◆ **Data for the task**
++++

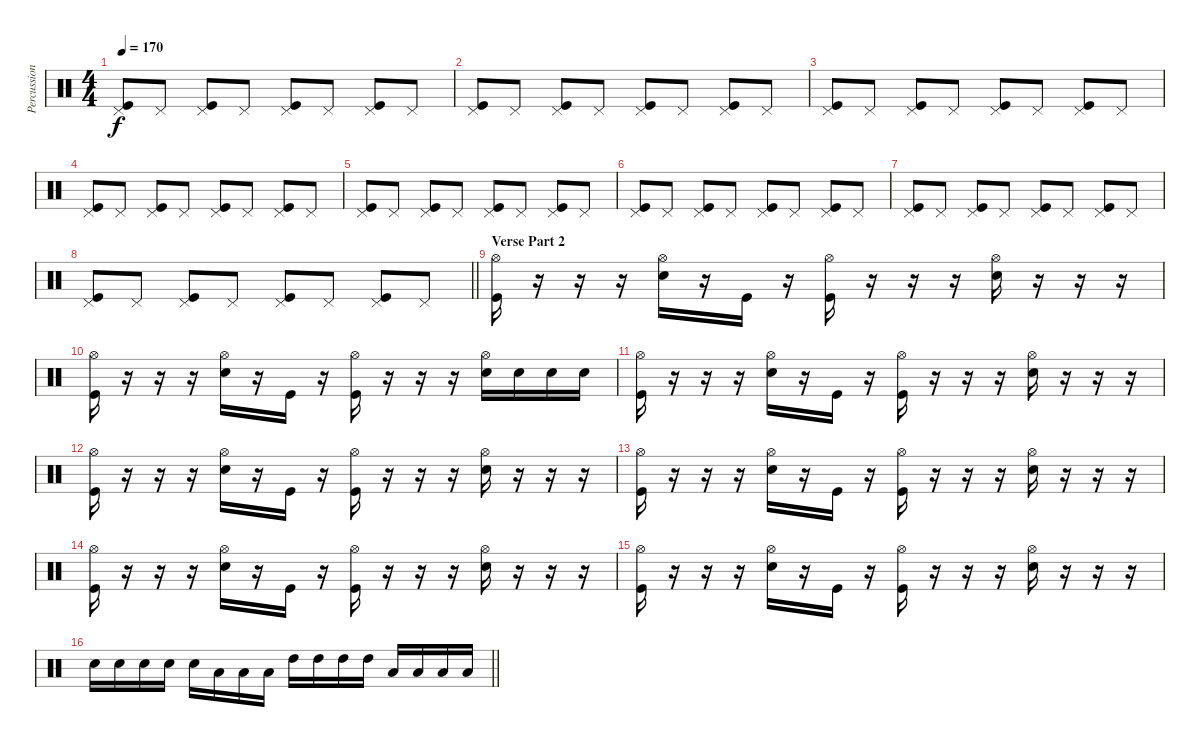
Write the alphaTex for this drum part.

\track ("Percussion" "Percussion") {instrument percussion}
\staff {score}
\articulation defaults
\ts (4 4)
\tempo 170
\clef neutral
\ks c
("Pedal Hi-Hat (hit)" "Kick (hit)").8{dy f} "Pedal Hi-Hat (hit)".8 ("Pedal Hi-Hat (hit)" "Kick (hit)").8 "Pedal Hi-Hat (hit)".8 ("Pedal Hi-Hat (hit)" "Kick (hit)").8 "Pedal Hi-Hat (hit)".8 ("Pedal Hi-Hat (hit)" "Kick (hit)").8 "Pedal Hi-Hat (hit)".8 |
("Pedal Hi-Hat (hit)" "Kick (hit)").8 "Pedal Hi-Hat (hit)".8 ("Pedal Hi-Hat (hit)" "Kick (hit)").8 "Pedal Hi-Hat (hit)".8 ("Pedal Hi-Hat (hit)" "Kick (hit)").8 "Pedal Hi-Hat (hit)".8 ("Pedal Hi-Hat (hit)" "Kick (hit)").8 "Pedal Hi-Hat (hit)".8 |
("Pedal Hi-Hat (hit)" "Kick (hit)").8 "Pedal Hi-Hat (hit)".8 ("Pedal Hi-Hat (hit)" "Kick (hit)").8 "Pedal Hi-Hat (hit)".8 ("Pedal Hi-Hat (hit)" "Kick (hit)").8 "Pedal Hi-Hat (hit)".8 ("Pedal Hi-Hat (hit)" "Kick (hit)").8 "Pedal Hi-Hat (hit)".8 |
("Pedal Hi-Hat (hit)" "Kick (hit)").8 "Pedal Hi-Hat (hit)".8 ("Pedal Hi-Hat (hit)" "Kick (hit)").8 "Pedal Hi-Hat (hit)".8 ("Pedal Hi-Hat (hit)" "Kick (hit)").8 "Pedal Hi-Hat (hit)".8 ("Pedal Hi-Hat (hit)" "Kick (hit)").8 "Pedal Hi-Hat (hit)".8 |
("Pedal Hi-Hat (hit)" "Kick (hit)").8 "Pedal Hi-Hat (hit)".8 ("Pedal Hi-Hat (hit)" "Kick (hit)").8 "Pedal Hi-Hat (hit)".8 ("Pedal Hi-Hat (hit)" "Kick (hit)").8 "Pedal Hi-Hat (hit)".8 ("Pedal Hi-Hat (hit)" "Kick (hit)").8 "Pedal Hi-Hat (hit)".8 |
("Pedal Hi-Hat (hit)" "Kick (hit)").8 "Pedal Hi-Hat (hit)".8 ("Pedal Hi-Hat (hit)" "Kick (hit)").8 "Pedal Hi-Hat (hit)".8 ("Pedal Hi-Hat (hit)" "Kick (hit)").8 "Pedal Hi-Hat (hit)".8 ("Pedal Hi-Hat (hit)" "Kick (hit)").8 "Pedal Hi-Hat (hit)".8 |
("Pedal Hi-Hat (hit)" "Kick (hit)").8 "Pedal Hi-Hat (hit)".8 ("Pedal Hi-Hat (hit)" "Kick (hit)").8 "Pedal Hi-Hat (hit)".8 ("Pedal Hi-Hat (hit)" "Kick (hit)").8 "Pedal Hi-Hat (hit)".8 ("Pedal Hi-Hat (hit)" "Kick (hit)").8 "Pedal Hi-Hat (hit)".8 |
\barLineRight lightlight
("Pedal Hi-Hat (hit)" "Kick (hit)").8 "Pedal Hi-Hat (hit)".8 ("Pedal Hi-Hat (hit)" "Kick (hit)").8 "Pedal Hi-Hat (hit)".8 ("Pedal Hi-Hat (hit)" "Kick (hit)").8 "Pedal Hi-Hat (hit)".8 ("Pedal Hi-Hat (hit)" "Kick (hit)").8 "Pedal Hi-Hat (hit)".8 |
\section ("" "Verse Part 2")
("Hi-Hat (open)" "Kick (hit)").16 r.16 r.16 r.16 ("Hi-Hat (open)" "Snare (hit) 2").16 r.16 "Kick (hit)".16 r.16 ("Hi-Hat (open)" "Kick (hit)").16 r.16 r.16 r.16 ("Hi-Hat (open)" "Snare (hit) 2").16 r.16 r.16 r.16 |
("Hi-Hat (open)" "Kick (hit)").16 r.16 r.16 r.16 ("Hi-Hat (open)" "Snare (hit) 2").16 r.16 "Kick (hit)".16 r.16 ("Hi-Hat (open)" "Kick (hit)").16 r.16 r.16 r.16 ("Hi-Hat (open)" "Snare (hit) 2").16 "Snare (hit) 2".16 "Snare (hit) 2".16 "Snare (hit) 2".16 |
("Hi-Hat (open)" "Kick (hit)").16 r.16 r.16 r.16 ("Hi-Hat (open)" "Snare (hit) 2").16 r.16 "Kick (hit)".16 r.16 ("Hi-Hat (open)" "Kick (hit)").16 r.16 r.16 r.16 ("Hi-Hat (open)" "Snare (hit) 2").16 r.16 r.16 r.16 |
("Hi-Hat (open)" "Kick (hit)").16 r.16 r.16 r.16 ("Hi-Hat (open)" "Snare (hit) 2").16 r.16 "Kick (hit)".16 r.16 ("Hi-Hat (open)" "Kick (hit)").16 r.16 r.16 r.16 ("Hi-Hat (open)" "Snare (hit) 2").16 r.16 r.16 r.16 |
("Hi-Hat (open)" "Kick (hit)").16 r.16 r.16 r.16 ("Hi-Hat (open)" "Snare (hit) 2").16 r.16 "Kick (hit)".16 r.16 ("Hi-Hat (open)" "Kick (hit)").16 r.16 r.16 r.16 ("Hi-Hat (open)" "Snare (hit) 2").16 r.16 r.16 r.16 |
("Hi-Hat (open)" "Kick (hit)").16 r.16 r.16 r.16 ("Hi-Hat (open)" "Snare (hit) 2").16 r.16 "Kick (hit)".16 r.16 ("Hi-Hat (open)" "Kick (hit)").16 r.16 r.16 r.16 ("Hi-Hat (open)" "Snare (hit) 2").16 r.16 r.16 r.16 |
("Hi-Hat (open)" "Kick (hit)").16 r.16 r.16 r.16 ("Hi-Hat (open)" "Snare (hit) 2").16 r.16 "Kick (hit)".16 r.16 ("Hi-Hat (open)" "Kick (hit)").16 r.16 r.16 r.16 ("Hi-Hat (open)" "Snare (hit) 2").16 r.16 r.16 r.16 |
\barLineRight lightlight "Snare (hit) 2".16 "Snare (hit) 2".16 "Snare (hit) 2".16 "Snare (hit) 2".16 "Snare (hit) 2".16 "Low Tom (hit)".16 "Low Tom (hit)".16 "Low Tom (hit)".16 "High Tom (hit)".16 "High Tom (hit)".16 "High Tom (hit)".16 "High Tom (hit)".16 "Low Floor Tom (hit)".16 "Low Floor Tom (hit)".16 "Low Floor Tom (hit)".16 "Low Floor Tom (hit)".16

++++

◆ **Work required**
I'd like the material repeated word for word, without the pictures it holds.

◆ **Exercise response**
Write the alphaTex for this drum part.

\track ("Percussion" "Percussion") {instrument percussion}
\staff {score}
\articulation defaults
\ts (4 4)
\tempo 170
\clef neutral
\ks c
("Pedal Hi-Hat (hit)" "Kick (hit)").8{dy f} "Pedal Hi-Hat (hit)".8 ("Pedal Hi-Hat (hit)" "Kick (hit)").8 "Pedal Hi-Hat (hit)".8 ("Pedal Hi-Hat (hit)" "Kick (hit)").8 "Pedal Hi-Hat (hit)".8 ("Pedal Hi-Hat (hit)" "Kick (hit)").8 "Pedal Hi-Hat (hit)".8 |
("Pedal Hi-Hat (hit)" "Kick (hit)").8 "Pedal Hi-Hat (hit)".8 ("Pedal Hi-Hat (hit)" "Kick (hit)").8 "Pedal Hi-Hat (hit)".8 ("Pedal Hi-Hat (hit)" "Kick (hit)").8 "Pedal Hi-Hat (hit)".8 ("Pedal Hi-Hat (hit)" "Kick (hit)").8 "Pedal Hi-Hat (hit)".8 |
("Pedal Hi-Hat (hit)" "Kick (hit)").8 "Pedal Hi-Hat (hit)".8 ("Pedal Hi-Hat (hit)" "Kick (hit)").8 "Pedal Hi-Hat (hit)".8 ("Pedal Hi-Hat (hit)" "Kick (hit)").8 "Pedal Hi-Hat (hit)".8 ("Pedal Hi-Hat (hit)" "Kick (hit)").8 "Pedal Hi-Hat (hit)".8 |
("Pedal Hi-Hat (hit)" "Kick (hit)").8 "Pedal Hi-Hat (hit)".8 ("Pedal Hi-Hat (hit)" "Kick (hit)").8 "Pedal Hi-Hat (hit)".8 ("Pedal Hi-Hat (hit)" "Kick (hit)").8 "Pedal Hi-Hat (hit)".8 ("Pedal Hi-Hat (hit)" "Kick (hit)").8 "Pedal Hi-Hat (hit)".8 |
("Pedal Hi-Hat (hit)" "Kick (hit)").8 "Pedal Hi-Hat (hit)".8 ("Pedal Hi-Hat (hit)" "Kick (hit)").8 "Pedal Hi-Hat (hit)".8 ("Pedal Hi-Hat (hit)" "Kick (hit)").8 "Pedal Hi-Hat (hit)".8 ("Pedal Hi-Hat (hit)" "Kick (hit)").8 "Pedal Hi-Hat (hit)".8 |
("Pedal Hi-Hat (hit)" "Kick (hit)").8 "Pedal Hi-Hat (hit)".8 ("Pedal Hi-Hat (hit)" "Kick (hit)").8 "Pedal Hi-Hat (hit)".8 ("Pedal Hi-Hat (hit)" "Kick (hit)").8 "Pedal Hi-Hat (hit)".8 ("Pedal Hi-Hat (hit)" "Kick (hit)").8 "Pedal Hi-Hat (hit)".8 |
("Pedal Hi-Hat (hit)" "Kick (hit)").8 "Pedal Hi-Hat (hit)".8 ("Pedal Hi-Hat (hit)" "Kick (hit)").8 "Pedal Hi-Hat (hit)".8 ("Pedal Hi-Hat (hit)" "Kick (hit)").8 "Pedal Hi-Hat (hit)".8 ("Pedal Hi-Hat (hit)" "Kick (hit)").8 "Pedal Hi-Hat (hit)".8 |
\barLineRight lightlight
("Pedal Hi-Hat (hit)" "Kick (hit)").8 "Pedal Hi-Hat (hit)".8 ("Pedal Hi-Hat (hit)" "Kick (hit)").8 "Pedal Hi-Hat (hit)".8 ("Pedal Hi-Hat (hit)" "Kick (hit)").8 "Pedal Hi-Hat (hit)".8 ("Pedal Hi-Hat (hit)" "Kick (hit)").8 "Pedal Hi-Hat (hit)".8 |
\section ("" "Verse Part 2")
("Hi-Hat (open)" "Kick (hit)").16 r.16 r.16 r.16 ("Hi-Hat (open)" "Snare (hit) 2").16 r.16 "Kick (hit)".16 r.16 ("Hi-Hat (open)" "Kick (hit)").16 r.16 r.16 r.16 ("Hi-Hat (open)" "Snare (hit) 2").16 r.16 r.16 r.16 |
("Hi-Hat (open)" "Kick (hit)").16 r.16 r.16 r.16 ("Hi-Hat (open)" "Snare (hit) 2").16 r.16 "Kick (hit)".16 r.16 ("Hi-Hat (open)" "Kick (hit)").16 r.16 r.16 r.16 ("Hi-Hat (open)" "Snare (hit) 2").16 "Snare (hit) 2".16 "Snare (hit) 2".16 "Snare (hit) 2".16 |
("Hi-Hat (open)" "Kick (hit)").16 r.16 r.16 r.16 ("Hi-Hat (open)" "Snare (hit) 2").16 r.16 "Kick (hit)".16 r.16 ("Hi-Hat (open)" "Kick (hit)").16 r.16 r.16 r.16 ("Hi-Hat (open)" "Snare (hit) 2").16 r.16 r.16 r.16 |
("Hi-Hat (open)" "Kick (hit)").16 r.16 r.16 r.16 ("Hi-Hat (open)" "Snare (hit) 2").16 r.16 "Kick (hit)".16 r.16 ("Hi-Hat (open)" "Kick (hit)").16 r.16 r.16 r.16 ("Hi-Hat (open)" "Snare (hit) 2").16 r.16 r.16 r.16 |
("Hi-Hat (open)" "Kick (hit)").16 r.16 r.16 r.16 ("Hi-Hat (open)" "Snare (hit) 2").16 r.16 "Kick (hit)".16 r.16 ("Hi-Hat (open)" "Kick (hit)").16 r.16 r.16 r.16 ("Hi-Hat (open)" "Snare (hit) 2").16 r.16 r.16 r.16 |
("Hi-Hat (open)" "Kick (hit)").16 r.16 r.16 r.16 ("Hi-Hat (open)" "Snare (hit) 2").16 r.16 "Kick (hit)".16 r.16 ("Hi-Hat (open)" "Kick (hit)").16 r.16 r.16 r.16 ("Hi-Hat (open)" "Snare (hit) 2").16 r.16 r.16 r.16 |
("Hi-Hat (open)" "Kick (hit)").16 r.16 r.16 r.16 ("Hi-Hat (open)" "Snare (hit) 2").16 r.16 "Kick (hit)".16 r.16 ("Hi-Hat (open)" "Kick (hit)").16 r.16 r.16 r.16 ("Hi-Hat (open)" "Snare (hit) 2").16 r.16 r.16 r.16 |
\barLineRight lightlight "Snare (hit) 2".16 "Snare (hit) 2".16 "Snare (hit) 2".16 "Snare (hit) 2".16 "Snare (hit) 2".16 "Low Tom (hit)".16 "Low Tom (hit)".16 "Low Tom (hit)".16 "High Tom (hit)".16 "High Tom (hit)".16 "High Tom (hit)".16 "High Tom (hit)".16 "Low Floor Tom (hit)".16 "Low Floor Tom (hit)".16 "Low Floor Tom (hit)".16 "Low Floor Tom (hit)".16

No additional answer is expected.